Where an entry contains a picture, omit the picture and repeat the rest exactly.

[Start of section]

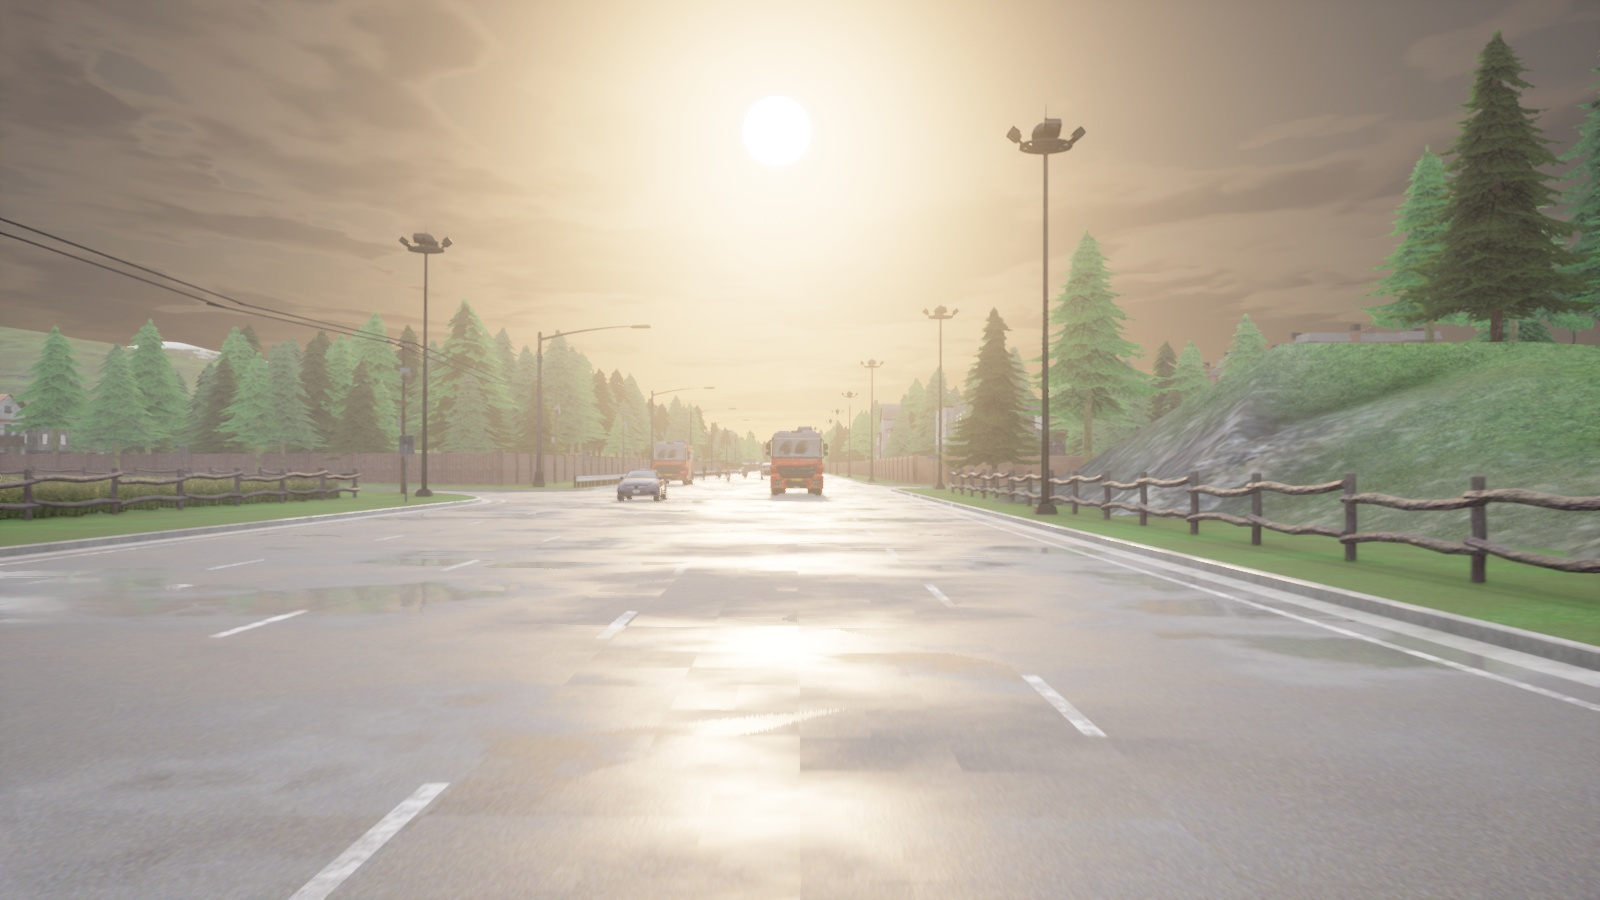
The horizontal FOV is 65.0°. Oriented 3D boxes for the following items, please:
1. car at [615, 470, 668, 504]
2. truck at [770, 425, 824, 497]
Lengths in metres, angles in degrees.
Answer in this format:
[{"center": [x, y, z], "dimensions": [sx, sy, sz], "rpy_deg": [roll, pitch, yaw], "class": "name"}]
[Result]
[{"center": [-7.136, 1.648, 56.960], "dimensions": [1.812, 1.442, 4.674], "rpy_deg": [0, -1, 0], "class": "car"}, {"center": [-0.173, 0.624, 71.011], "dimensions": [2.891, 3.827, 8.468], "rpy_deg": [0, -1, 0], "class": "truck"}]

[End of section]

_SOLUTION FOR THIS PROBLEM_:
The horizontal FOV is 65.0°. Oriented 3D boxes for the following items, please:
1. car at [615, 470, 668, 504]
2. truck at [770, 425, 824, 497]
Lengths in metres, angles in degrees.
Answer in this format:
[{"center": [x, y, z], "dimensions": [sx, sy, sz], "rpy_deg": [roll, pitch, yaw], "class": "name"}]
[Result]
[{"center": [-7.136, 1.648, 56.960], "dimensions": [1.812, 1.442, 4.674], "rpy_deg": [0, -1, 0], "class": "car"}, {"center": [-0.173, 0.624, 71.011], "dimensions": [2.891, 3.827, 8.468], "rpy_deg": [0, -1, 0], "class": "truck"}]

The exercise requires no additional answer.